Darwin até teceu (por descargo de consciência?) algumas considerações condescendentes e até de compaixão para com os membros débeis da nossa sociedade, mas estas foram totalmente eclipsadas pelas suas mais chocantes declarações – tipicamente eugénica – em que comparou a criação de gado com o contraproducente amparo social aos ineptos : "Entre os selvagens, os corpos ou as mentes doentes são rapidamente eliminados. Os homens civilizados, por outro lado, constroem asilos para os imbecis, os incapacitados e os doentes, e nossos médicos aplicam o melhor de seu talento em conservar a vida de todos e cada um até o último momento, permitindo assim que se propaguem os membros fracos das nossas sociedades civilizadas. Ninguém que tenha trabalhado na reprodução de animais domésticos, terá dúvidas de que isto é extremamente prejudicial para a raça humana" (sic).
Não apenas se atribui a paternidade do movimento eugénico a Francis Dalton , um primo de Charles Darwin, mas os filhos do génio evolucionista, George e Leonard, foram fervorosos apoiantes da eugenia. Aliás, Leonard, chegou a presidir a Sociedade de Educação Eugénica, que liderou o movimento na Grã-Bretanha.
Numa das últimas cartas que Charles Darwin escreveu a Alfred Wallace, mostrou-se pessimista quanto ao futuro da humanidade porque “na nossa moderna civilização, a selecção natural não tem um papel proeminente” (sic). Assim, mais aptos não eram necessariamente os que sobreviviam e deixavam mais descendentes. (O termo “sobrevivência dos mais aptos” foi cunhado por Herbert Spencer, mas de imediato adotado por Charles Darwin.) Como toda a elite vitoriana, a Darwin atormentava a ideia de que “os membros marginais da nossa sociedade tendem a reproduzir-se a uma velocidade superior à dos providentes e geralmente virtuosos membros ”(sic).
Darwin foi fortemente influenciado por Malthus, que alertou para facto de que a população mundial estava a aumentar a um ritmo que iria superar a disponibilidade dos recursos naturais e a produção (técnica) de alimentos para satisfazer as nossas necessidades fundamentais. Essa reprodução inflaccionada era atribuída a exclusivamente aos “menos aptos”, ou seja os menos privilegiados, o que era visto como uma inversão do sentido que a evolução darwiniana deveria tomar.
Darwin considerava o seu modo de caçar um desporto divertido. De consciência leve, sentia-se confortável no papel de predador sofisticado sem responsabilidades afectivas e, menos ainda espirituais, com as criaturas e as respectivas biorregiões por onde deambulava aos tiros .
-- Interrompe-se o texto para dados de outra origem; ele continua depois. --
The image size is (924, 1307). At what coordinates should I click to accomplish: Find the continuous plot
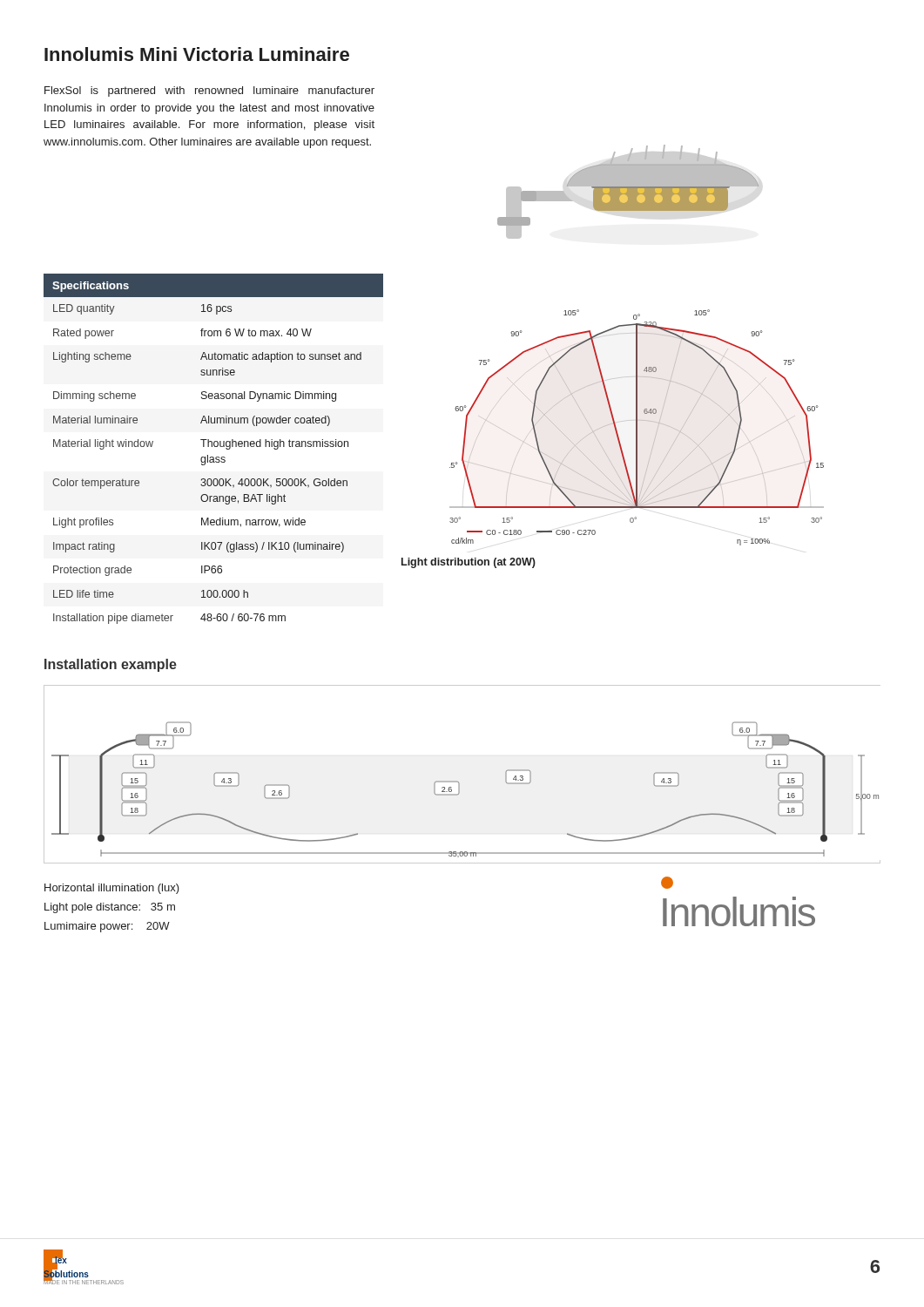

Há ainda que considerar o profundo abalo que teve para Darwin a morte muito precoce da sua filha mais velha. Pertencendo a menina a uma linhagem de homens brilhantes, e tendo acesso a todos os privilégios que o dinheiro podia comprar, a priori, poucas crianças do seu tempo estariam em melhores condições para cumprir o ideal evolucionista divulgado pelo seu pai. Com o seu falecimento, aparentemente sem sentido, Darwin confrontou-se com a brutal indiferença da natureza, não tendo encontrado nessa tragédia familiar algum sentido moral ou consolo espiritual. Nem tudo foi negativo na experiência traumática em causa, pois foi capaz de diluir um pouco as divergências teológicas entre ele e a sua esposa, fortalecendo a sua união e aumentando o respeito mútuo. O casal amava-se muito, mas ela tinha uma formação solidamente religiosa. Darwin receava magoá-la com a publicação da sua teoria sobre a origem das espécies. Alguns dos seus biógrafos afirmam que este foi um dos principais motivos que levou Darwin a adiar tanto a publicação das idéias revolucionárias que lhe trouxeram a fama.

Outra fonte importante (mas negativa) de inspiração para Darwin foi o economista escocês Adam Smith, que foi o principal teórico do que actualmente chamamos neoliberalismo (económico); a forma de capitalismo mais agressiva do colonialismo e dos impérios corporativos.